Task goal: Return all the data exactly, keeping the pictures out.

[Stored data]
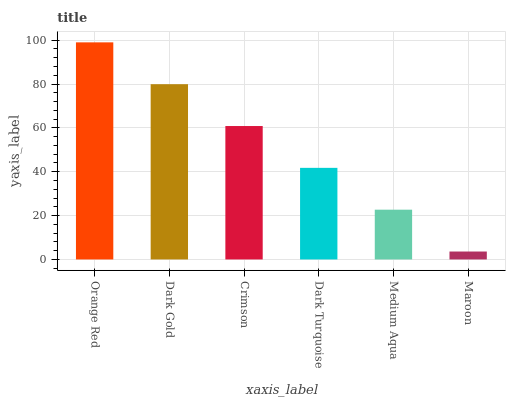Is Maroon the minimum?
Answer yes or no. Yes. Is Orange Red the maximum?
Answer yes or no. Yes. Is Dark Gold the minimum?
Answer yes or no. No. Is Dark Gold the maximum?
Answer yes or no. No. Is Orange Red greater than Dark Gold?
Answer yes or no. Yes. Is Dark Gold less than Orange Red?
Answer yes or no. Yes. Is Dark Gold greater than Orange Red?
Answer yes or no. No. Is Orange Red less than Dark Gold?
Answer yes or no. No. Is Crimson the high median?
Answer yes or no. Yes. Is Dark Turquoise the low median?
Answer yes or no. Yes. Is Dark Turquoise the high median?
Answer yes or no. No. Is Maroon the low median?
Answer yes or no. No.

Exercise solution:
Is Maroon the minimum?
Answer yes or no. Yes. Is Orange Red the maximum?
Answer yes or no. Yes. Is Dark Gold the minimum?
Answer yes or no. No. Is Dark Gold the maximum?
Answer yes or no. No. Is Orange Red greater than Dark Gold?
Answer yes or no. Yes. Is Dark Gold less than Orange Red?
Answer yes or no. Yes. Is Dark Gold greater than Orange Red?
Answer yes or no. No. Is Orange Red less than Dark Gold?
Answer yes or no. No. Is Crimson the high median?
Answer yes or no. Yes. Is Dark Turquoise the low median?
Answer yes or no. Yes. Is Dark Turquoise the high median?
Answer yes or no. No. Is Maroon the low median?
Answer yes or no. No.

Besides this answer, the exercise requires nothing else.